-- Task --
Copy out each line below in which the string "tempo" appears.

--

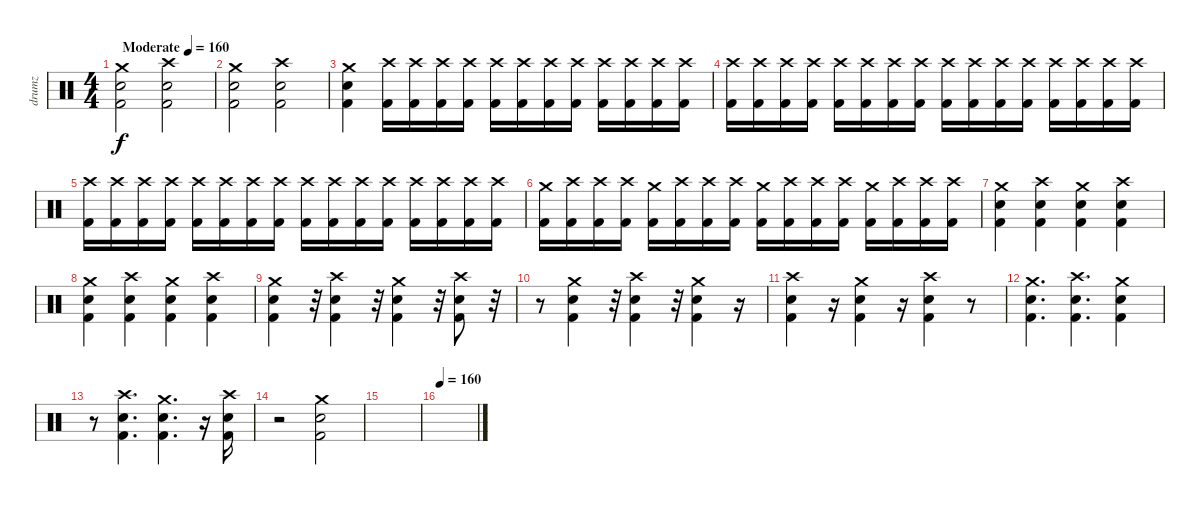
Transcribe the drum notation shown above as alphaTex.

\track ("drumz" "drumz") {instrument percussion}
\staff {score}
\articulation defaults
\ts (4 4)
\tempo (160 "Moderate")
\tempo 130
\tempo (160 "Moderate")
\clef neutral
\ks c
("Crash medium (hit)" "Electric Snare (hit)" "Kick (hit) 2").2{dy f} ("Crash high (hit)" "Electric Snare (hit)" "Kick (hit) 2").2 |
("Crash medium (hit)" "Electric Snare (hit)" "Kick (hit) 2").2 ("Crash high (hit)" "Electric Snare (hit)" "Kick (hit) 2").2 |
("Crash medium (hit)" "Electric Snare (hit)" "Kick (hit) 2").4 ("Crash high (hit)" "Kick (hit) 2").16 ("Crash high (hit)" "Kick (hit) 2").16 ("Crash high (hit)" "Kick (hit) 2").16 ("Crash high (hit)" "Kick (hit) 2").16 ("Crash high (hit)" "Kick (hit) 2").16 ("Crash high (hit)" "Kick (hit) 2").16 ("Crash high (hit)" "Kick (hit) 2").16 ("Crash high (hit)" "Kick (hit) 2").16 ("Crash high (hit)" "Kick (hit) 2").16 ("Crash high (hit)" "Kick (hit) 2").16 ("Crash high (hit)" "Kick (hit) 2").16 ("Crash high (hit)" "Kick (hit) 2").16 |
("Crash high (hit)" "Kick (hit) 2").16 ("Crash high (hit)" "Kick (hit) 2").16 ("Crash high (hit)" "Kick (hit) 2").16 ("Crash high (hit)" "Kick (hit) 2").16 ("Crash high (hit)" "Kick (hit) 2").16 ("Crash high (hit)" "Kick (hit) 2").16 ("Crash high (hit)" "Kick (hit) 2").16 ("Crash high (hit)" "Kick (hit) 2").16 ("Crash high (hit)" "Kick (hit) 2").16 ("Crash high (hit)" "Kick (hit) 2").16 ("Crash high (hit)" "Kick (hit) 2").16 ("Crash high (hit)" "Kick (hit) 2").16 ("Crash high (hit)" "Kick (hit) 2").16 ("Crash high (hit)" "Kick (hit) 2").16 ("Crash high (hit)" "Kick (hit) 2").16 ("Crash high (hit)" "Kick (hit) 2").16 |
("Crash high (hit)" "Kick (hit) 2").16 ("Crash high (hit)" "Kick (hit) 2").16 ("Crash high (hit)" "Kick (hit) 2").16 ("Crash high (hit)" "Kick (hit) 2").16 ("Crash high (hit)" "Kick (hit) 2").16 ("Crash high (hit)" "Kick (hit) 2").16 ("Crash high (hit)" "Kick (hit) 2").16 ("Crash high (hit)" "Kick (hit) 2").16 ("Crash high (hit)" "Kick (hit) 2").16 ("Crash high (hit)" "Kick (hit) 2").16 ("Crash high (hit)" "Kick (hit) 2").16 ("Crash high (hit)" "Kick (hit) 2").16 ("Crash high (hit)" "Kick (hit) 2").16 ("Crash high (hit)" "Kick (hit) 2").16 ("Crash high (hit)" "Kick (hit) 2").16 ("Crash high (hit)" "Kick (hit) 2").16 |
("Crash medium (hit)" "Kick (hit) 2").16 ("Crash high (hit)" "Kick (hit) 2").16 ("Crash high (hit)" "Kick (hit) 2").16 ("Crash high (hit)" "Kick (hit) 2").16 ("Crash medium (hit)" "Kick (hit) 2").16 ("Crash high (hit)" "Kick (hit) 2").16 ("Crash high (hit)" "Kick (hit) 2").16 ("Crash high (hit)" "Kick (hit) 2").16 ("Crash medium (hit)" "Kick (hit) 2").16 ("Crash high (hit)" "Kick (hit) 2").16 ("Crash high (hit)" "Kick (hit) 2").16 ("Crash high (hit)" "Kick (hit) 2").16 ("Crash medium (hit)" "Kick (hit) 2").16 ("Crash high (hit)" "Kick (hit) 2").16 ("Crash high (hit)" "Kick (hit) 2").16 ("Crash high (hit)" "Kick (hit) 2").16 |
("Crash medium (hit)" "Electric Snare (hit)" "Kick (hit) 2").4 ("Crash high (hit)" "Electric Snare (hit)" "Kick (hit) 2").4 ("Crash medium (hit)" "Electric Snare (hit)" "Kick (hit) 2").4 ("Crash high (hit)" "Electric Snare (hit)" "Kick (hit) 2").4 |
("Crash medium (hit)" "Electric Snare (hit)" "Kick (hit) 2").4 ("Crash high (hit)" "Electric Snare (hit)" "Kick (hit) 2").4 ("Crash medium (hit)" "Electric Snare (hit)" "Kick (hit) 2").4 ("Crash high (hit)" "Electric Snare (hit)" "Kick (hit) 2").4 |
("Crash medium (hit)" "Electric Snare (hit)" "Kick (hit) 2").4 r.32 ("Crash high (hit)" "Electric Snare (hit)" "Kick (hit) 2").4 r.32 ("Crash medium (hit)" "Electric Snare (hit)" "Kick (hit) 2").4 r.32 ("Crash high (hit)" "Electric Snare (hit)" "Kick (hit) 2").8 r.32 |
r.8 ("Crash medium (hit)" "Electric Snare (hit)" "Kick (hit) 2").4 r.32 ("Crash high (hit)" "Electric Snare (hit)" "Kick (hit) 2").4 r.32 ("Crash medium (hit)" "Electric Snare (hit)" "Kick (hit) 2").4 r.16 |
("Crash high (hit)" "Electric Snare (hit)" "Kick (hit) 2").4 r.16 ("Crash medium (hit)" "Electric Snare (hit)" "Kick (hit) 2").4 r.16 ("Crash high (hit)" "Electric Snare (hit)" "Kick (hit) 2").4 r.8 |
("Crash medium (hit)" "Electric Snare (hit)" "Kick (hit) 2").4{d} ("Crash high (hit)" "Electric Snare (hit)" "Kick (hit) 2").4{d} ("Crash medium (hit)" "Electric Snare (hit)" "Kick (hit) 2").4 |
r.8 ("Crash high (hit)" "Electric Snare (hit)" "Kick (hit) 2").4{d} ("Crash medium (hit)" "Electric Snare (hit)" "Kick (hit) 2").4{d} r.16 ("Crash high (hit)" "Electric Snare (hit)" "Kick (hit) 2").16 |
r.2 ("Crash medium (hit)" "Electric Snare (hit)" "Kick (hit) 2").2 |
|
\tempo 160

--

-- Answer area --
\tempo (160 "Moderate")
\tempo 130
\tempo (160 "Moderate")
\tempo 160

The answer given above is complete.